* EXERCISE DIRECTIONS *
Answer with one number only: the count of lines below that hold the word "trailer".

* SOURCE MATERIAL *

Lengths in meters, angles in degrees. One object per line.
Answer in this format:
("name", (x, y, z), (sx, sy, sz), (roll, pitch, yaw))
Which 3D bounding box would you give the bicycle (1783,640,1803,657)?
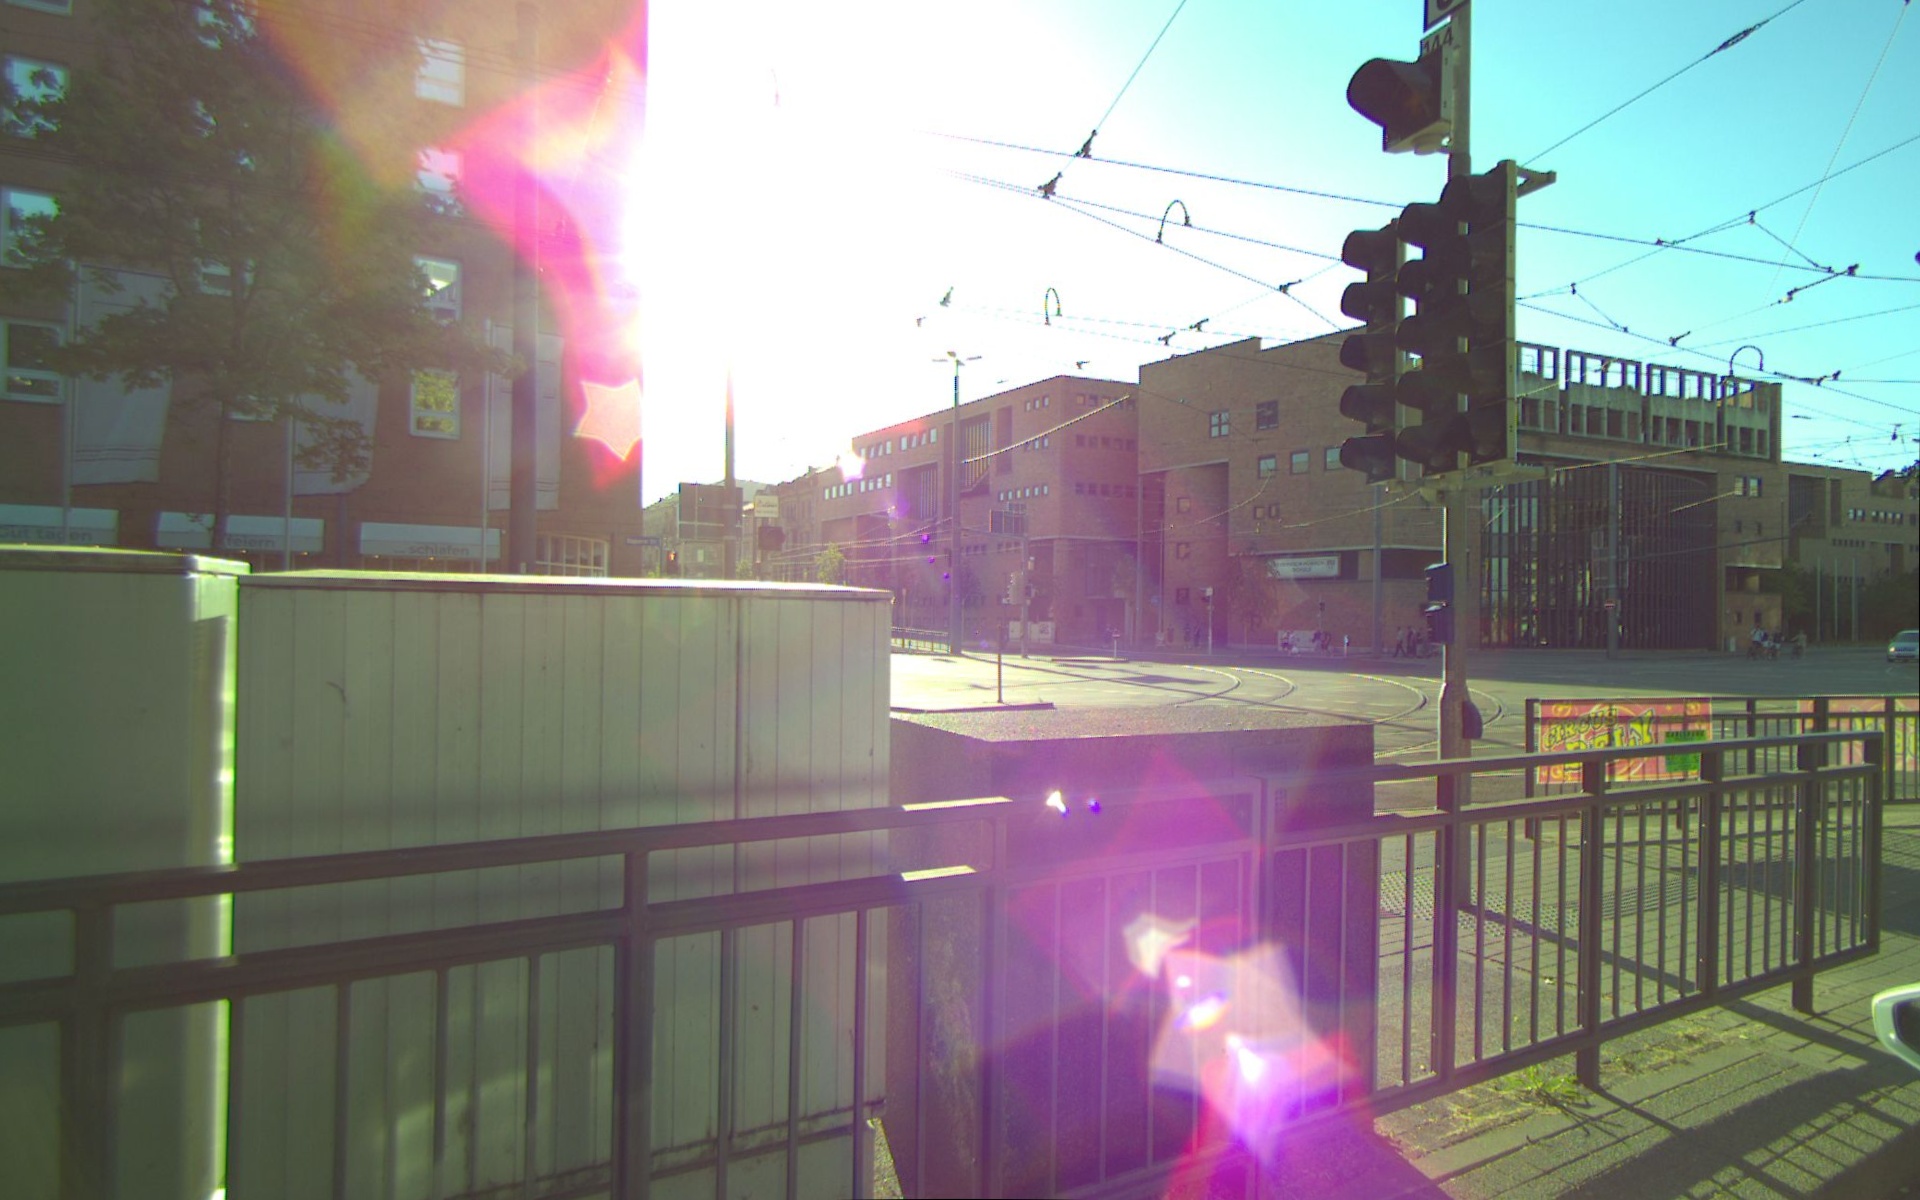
("bicycle", (49.410, 2.888, 59.581), (1.332, 0.976, 0.449), (1, -1, -30))

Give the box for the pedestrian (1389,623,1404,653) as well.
("pedestrian", (24.917, 2.184, 57.360), (0.609, 1.706, 0.651), (0, -1, 6))

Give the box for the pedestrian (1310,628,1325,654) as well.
("pedestrian", (20.406, 2.325, 57.352), (0.604, 1.473, 0.568), (1, -1, -13))

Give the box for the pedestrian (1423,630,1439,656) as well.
("pedestrian", (26.751, 2.427, 57.077), (0.588, 1.440, 0.642), (0, -1, 2))

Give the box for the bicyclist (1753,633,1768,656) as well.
("bicyclist", (46.775, 2.579, 58.683), (0.574, 1.321, 0.503), (1, -1, -30))

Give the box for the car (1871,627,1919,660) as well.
("car", (48.981, 2.226, 51.784), (3.954, 1.661, 1.983), (1, -2, -31))

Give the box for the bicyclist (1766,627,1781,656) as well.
("bicyclist", (45.077, 2.304, 55.678), (0.574, 1.624, 0.456), (1, -1, -30))

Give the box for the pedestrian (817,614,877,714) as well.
("pedestrian", (-1.967, 1.092, 17.478), (0.709, 1.669, 0.953), (1, -1, -30))

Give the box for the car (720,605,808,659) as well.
("car", (-9.404, 1.518, 47.887), (1.982, 2.419, 5.156), (1, -2, -38))

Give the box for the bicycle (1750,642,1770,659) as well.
("bicycle", (46.733, 2.968, 58.649), (1.304, 0.976, 0.465), (1, -1, -30))

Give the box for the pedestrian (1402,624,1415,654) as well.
("pedestrian", (25.196, 2.193, 56.448), (0.540, 1.706, 0.592), (0, -1, 15))

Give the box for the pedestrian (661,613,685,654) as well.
("pedestrian", (-14.686, 1.694, 51.385), (0.856, 2.040, 0.880), (2, 0, -39))

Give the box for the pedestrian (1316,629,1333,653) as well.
("pedestrian", (20.410, 2.295, 56.215), (0.670, 1.357, 0.603), (1, -1, -14))

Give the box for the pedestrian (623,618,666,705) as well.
("pedestrian", (-6.818, 1.305, 21.704), (0.713, 1.837, 0.904), (1, -1, -28))

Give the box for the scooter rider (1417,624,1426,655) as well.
("scooter rider", (25.427, 2.164, 55.384), (0.429, 1.669, 0.229), (0, -1, 15))

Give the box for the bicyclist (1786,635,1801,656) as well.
("bicyclist", (49.398, 2.683, 59.547), (0.574, 1.194, 0.503), (1, -1, -30))

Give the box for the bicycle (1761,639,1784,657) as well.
("bicycle", (45.099, 2.658, 55.734), (1.557, 0.976, 0.470), (1, -1, -30))

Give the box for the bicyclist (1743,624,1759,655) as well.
("bicyclist", (44.403, 2.221, 56.363), (0.574, 1.754, 0.534), (1, -1, -30))

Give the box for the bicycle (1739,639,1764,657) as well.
("bicycle", (44.422, 2.686, 56.381), (1.568, 0.976, 0.539), (1, -1, -30))

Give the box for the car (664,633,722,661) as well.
("car", (-14.360, 2.501, 53.916), (1.729, 1.372, 3.960), (1, -2, -36))

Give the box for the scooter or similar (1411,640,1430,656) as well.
("scooter or similar", (25.376, 2.641, 55.377), (0.931, 0.911, 0.176), (0, -1, 14))

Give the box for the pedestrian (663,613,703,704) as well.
("pedestrian", (-5.844, 1.220, 21.165), (0.647, 1.864, 0.835), (1, -1, -28))

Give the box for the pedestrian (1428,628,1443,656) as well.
("pedestrian", (27.393, 2.418, 57.911), (0.606, 1.647, 0.613), (0, -1, 4))

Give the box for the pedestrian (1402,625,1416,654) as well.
("pedestrian", (26.114, 2.291, 58.456), (0.539, 1.706, 0.573), (1, -1, -8))

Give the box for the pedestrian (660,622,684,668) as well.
("pedestrian", (-10.491, 1.637, 36.580), (0.658, 1.669, 0.638), (1, -1, -34))

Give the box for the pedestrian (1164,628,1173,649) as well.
("pedestrian", (14.899, 2.753, 71.668), (0.523, 1.482, 0.591), (0, -1, 3))

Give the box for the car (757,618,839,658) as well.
("car", (-8.416, 1.912, 51.798), (1.982, 1.928, 5.156), (1, -2, -38))

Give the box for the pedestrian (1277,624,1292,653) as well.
("pedestrian", (18.524, 2.220, 57.427), (0.580, 1.635, 0.595), (1, -1, -20))

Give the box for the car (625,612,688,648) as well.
("car", (-18.548, 1.805, 61.191), (1.982, 2.122, 5.156), (1, -2, -38))

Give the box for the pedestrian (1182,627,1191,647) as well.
("pedestrian", (16.142, 2.641, 71.555), (0.549, 1.445, 0.556), (0, -1, 1))

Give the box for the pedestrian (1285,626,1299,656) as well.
("pedestrian", (18.613, 2.275, 56.321), (0.540, 1.670, 0.598), (1, -1, -19))

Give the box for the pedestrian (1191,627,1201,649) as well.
("pedestrian", (16.296, 2.628, 69.408), (0.463, 1.482, 0.505), (1, -1, -37))

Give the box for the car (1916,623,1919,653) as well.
("car", (55.251, 2.114, 55.898), (3.954, 1.661, 1.983), (1, -2, -31))
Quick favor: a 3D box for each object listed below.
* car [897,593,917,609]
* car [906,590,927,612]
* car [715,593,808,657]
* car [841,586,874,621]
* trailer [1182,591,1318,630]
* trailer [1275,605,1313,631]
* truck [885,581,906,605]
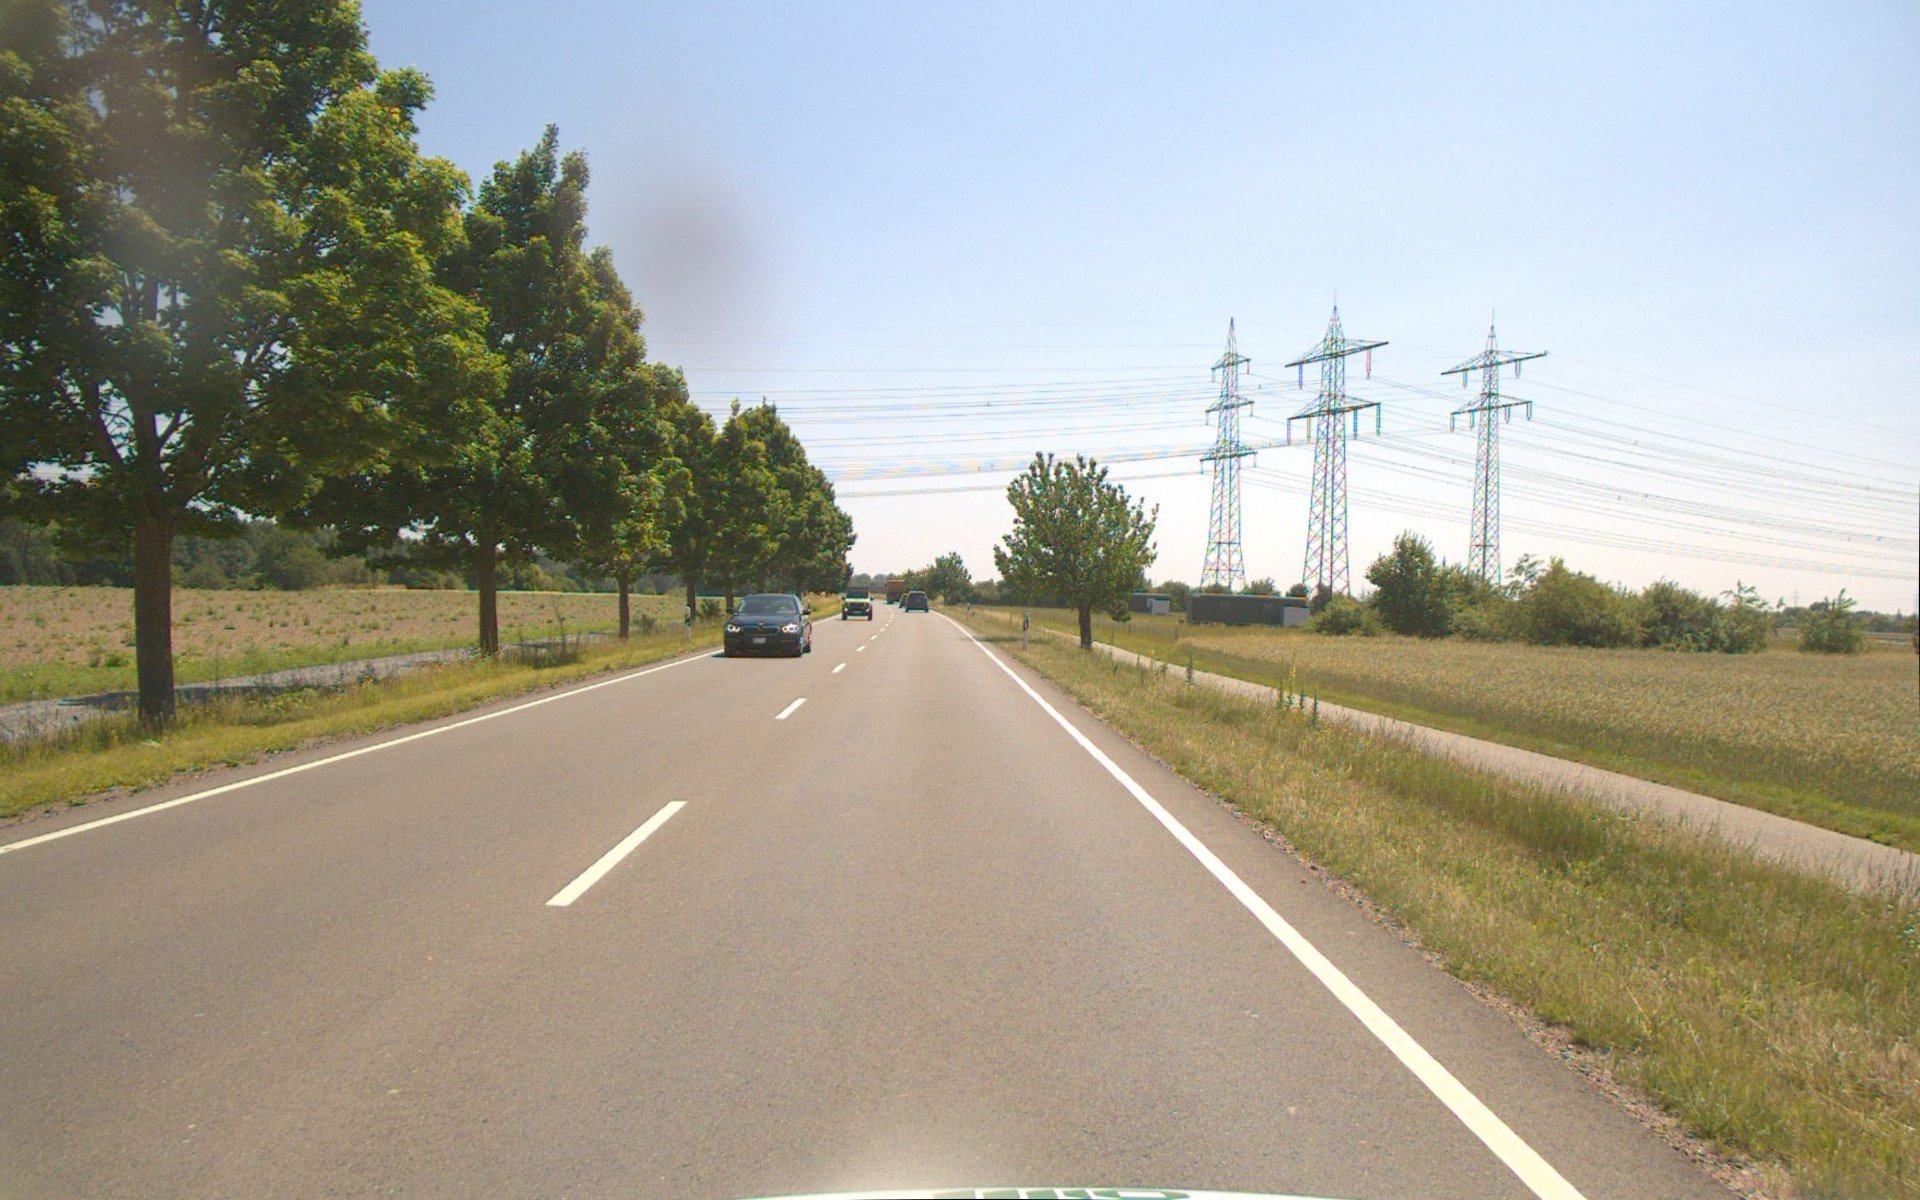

* RESULT FOR THIS TASK *
2